The object of the work, as the author states in his preface, is not to furnish a history of English Sacred Poetry; "a rapid view of some of its principal cultivators, in addition to the more extended memoirs, was all that could be offered. This object appeared likely to be attained by the interspersion of occasional biographical and critical sketches, together with specimens."

The present volume commences with an introduction, in which are given brief notices of several poets who employed their genius upon sacred subjects previous to the seventeenth century. “It should never be forgotten,” says our author, “in speaking of Chaucer, that he was among the first to resort to that precious fountain which his contemporary Wickliffe had opened, and that he drank of the water springing up to everlasting life.'"

From the death of Chaucer to the reign of Henry VIII. a blank ensues in English literature. The Reformation which began under Henry, while it gave a vast impulse to the human mind in every department of thought, most especially affected the species of literature we are considering. The book of books was then unsealed; and we at the present day, when Bibles are in every house, can hardly conceive with what eager eyes its pages were pored over, and with what panting hearts its truths and promises were meditated. The stream, that had been for ages dammed up, was set free. The imagination, that had been priest-bound, leaped for joy to find itself at liberty to “wander through eternity," and form a paradise for itself, without consulting the formulas of the Church. Then Poetry, that had left the earth a prey to ignorance, superstition, and tyranny, descended again from the

heaven to which she had flown, and resumed her sway over the hearts of men. The imaginations and affections, that had been shut out by spiritual despotism from the garden of religion, and had been driven to the haunts of vulgarity and earth-born vice, returned to drink at the holy wells that had so long been closed; the faith of the Christian and the aspirations of genius, which had been most unnaturally dissevered, were again united; the devotion of the worshipper and the enthusiasm of the bard flowed once more in the same channel ; poet and prophet became one ; the first fruits of genius were laid upon the altar ; and God was honored, as he should ever be, in the gifts he had bestowed.

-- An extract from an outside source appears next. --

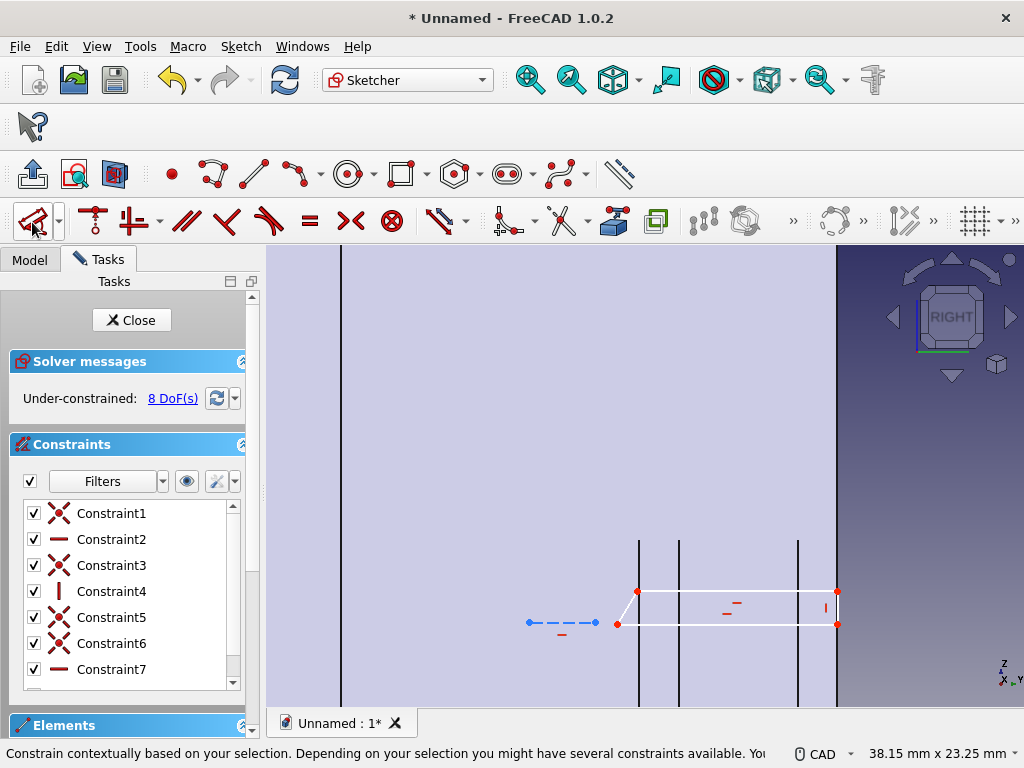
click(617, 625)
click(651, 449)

And it might with reason have been expected, that the Scriptures, upon being opened to the public eye, should awaken and bring to life whatever of poetry lay concealed in the community. They are not only depositories of truths valuable to every individual, because connected intimately with every individual's present and future welfare, but they abound in brilliant pictures for the imagination ; their solid and substantial contents are inlaid with the diamond ornaments of Eastern poetry, which throw a splendid lustre over their pages, making them as delectable to the taste, as they are invigorating to the moral and spiritual nature of man. It is true, the first attempts at sacred verse in England were rude, of which the version of the Psalms in Edward the Sixth's time, by Sternhold and Hopkins, is an example. But a new era was about to commence. The sky of English literature was red with the rising glory of Spenser, and his Faery Queen walked forth with blended majesty and sweetness to captivate all hearts. The poet designed in this work, it seems, "to represent all the moral virtues, assigning to every virtue a knight, to be the patron and defender of the same; in whose actions, the feats of arms and chivalry, the operations of that virtue whereof he is the protector, are to be expressed ; and the vices and unruly appetites that oppose themselves against the same, are to be beaten down and overcome.”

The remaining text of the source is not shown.